[Your task]
Where does the string "around" occur in the records below? Copy every line that holds it.

[Dataset entries]
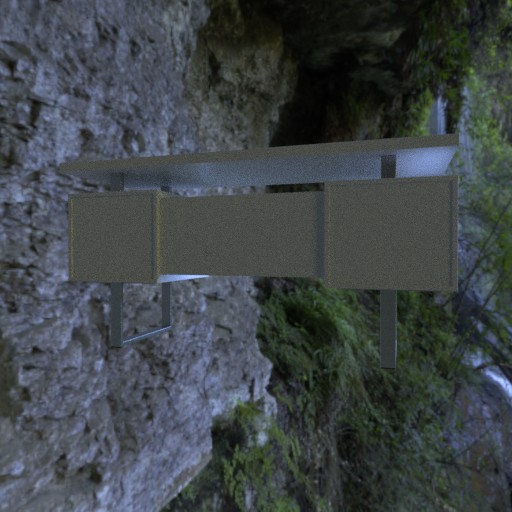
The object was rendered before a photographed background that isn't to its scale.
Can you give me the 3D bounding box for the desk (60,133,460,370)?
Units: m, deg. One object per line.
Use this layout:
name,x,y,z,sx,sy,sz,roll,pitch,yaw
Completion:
desk,0.000,0.000,1.902,1.530,0.773,0.603,0,1,18
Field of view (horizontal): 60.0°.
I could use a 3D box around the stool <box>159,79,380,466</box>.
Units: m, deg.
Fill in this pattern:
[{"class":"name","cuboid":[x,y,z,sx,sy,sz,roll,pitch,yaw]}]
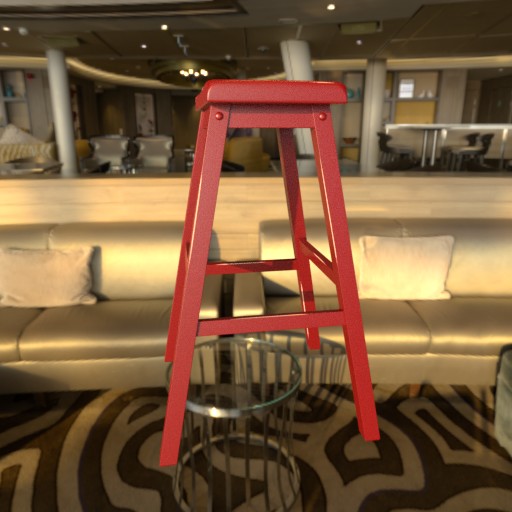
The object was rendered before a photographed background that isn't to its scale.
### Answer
[{"class":"stool","cuboid":[0.000,0.000,1.051,0.476,0.737,0.457,-3,16,-9]}]
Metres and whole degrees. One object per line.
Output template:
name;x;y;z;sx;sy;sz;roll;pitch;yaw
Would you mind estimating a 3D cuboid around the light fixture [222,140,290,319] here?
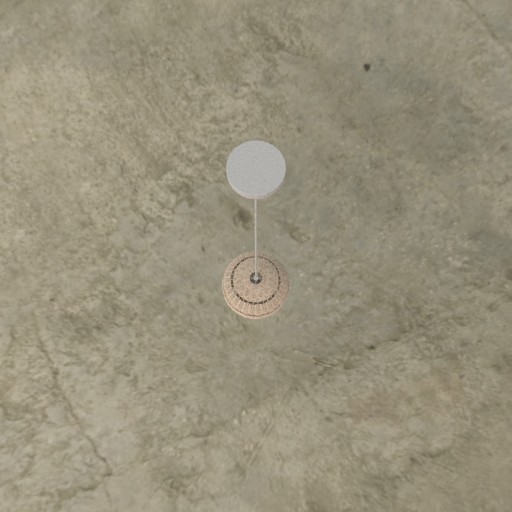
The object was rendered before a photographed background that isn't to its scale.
light fixture;0.000;0.000;2.214;0.457;2.019;0.457;1;76;0
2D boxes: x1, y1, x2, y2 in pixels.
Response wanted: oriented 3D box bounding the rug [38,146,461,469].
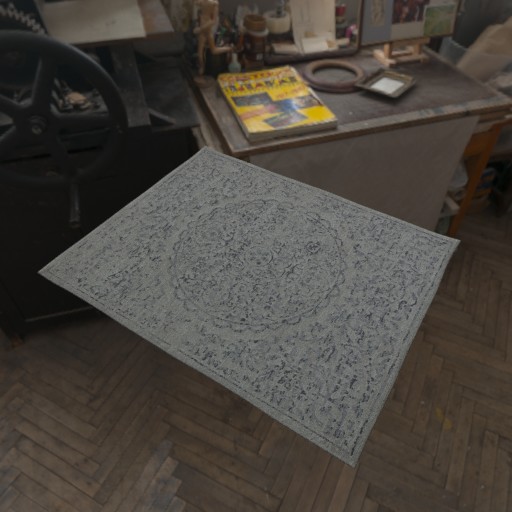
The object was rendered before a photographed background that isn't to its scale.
[{"bbox_3d":[0.000,0.000,3.895,2.925,0.026,2.343,25,51,22],"label":"rug"}]
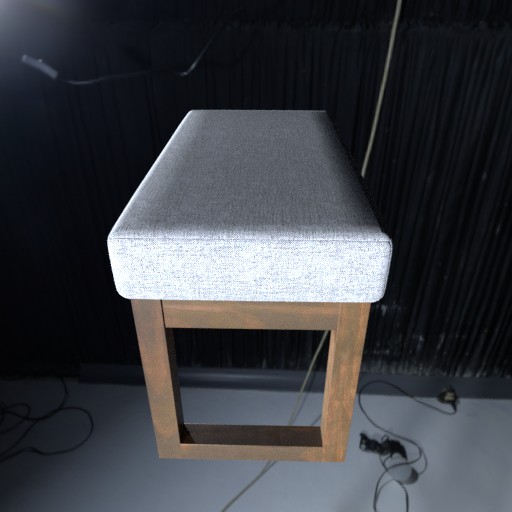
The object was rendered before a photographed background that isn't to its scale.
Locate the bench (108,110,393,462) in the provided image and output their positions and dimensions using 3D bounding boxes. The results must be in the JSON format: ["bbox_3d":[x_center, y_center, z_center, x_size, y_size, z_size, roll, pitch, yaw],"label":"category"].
[{"bbox_3d":[0.000,0.000,0.948,0.366,0.467,0.681,1,31,1],"label":"bench"}]
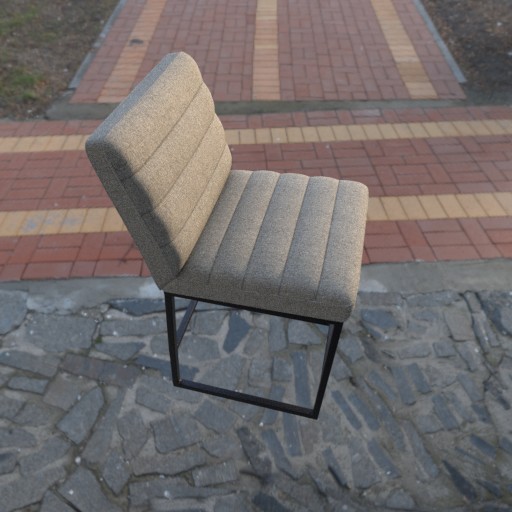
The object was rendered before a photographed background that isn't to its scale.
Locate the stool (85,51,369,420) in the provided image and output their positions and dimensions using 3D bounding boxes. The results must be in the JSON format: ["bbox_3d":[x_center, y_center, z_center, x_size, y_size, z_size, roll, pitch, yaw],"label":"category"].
[{"bbox_3d":[0.000,0.000,1.258,0.560,0.940,0.460,10,47,10],"label":"stool"}]
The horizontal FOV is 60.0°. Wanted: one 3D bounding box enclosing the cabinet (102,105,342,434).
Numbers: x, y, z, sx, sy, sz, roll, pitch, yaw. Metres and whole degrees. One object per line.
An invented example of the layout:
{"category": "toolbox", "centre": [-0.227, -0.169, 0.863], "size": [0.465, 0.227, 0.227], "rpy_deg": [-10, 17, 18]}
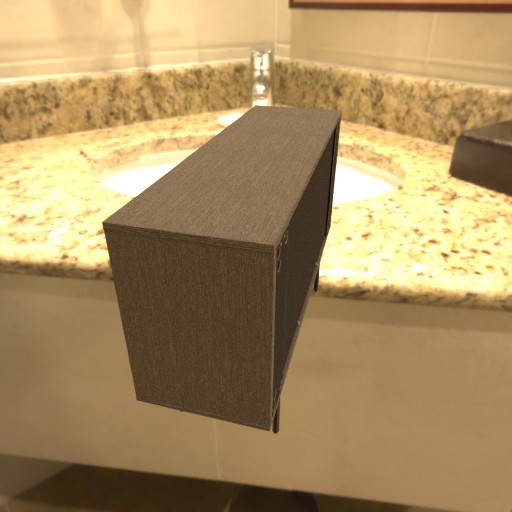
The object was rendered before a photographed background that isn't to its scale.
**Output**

[Task output]
I could use a 3D box around the stool <box>159,79,380,466</box>.
Would you mind estimating a 3D cuboid around the light fixture [222,140,290,319] here?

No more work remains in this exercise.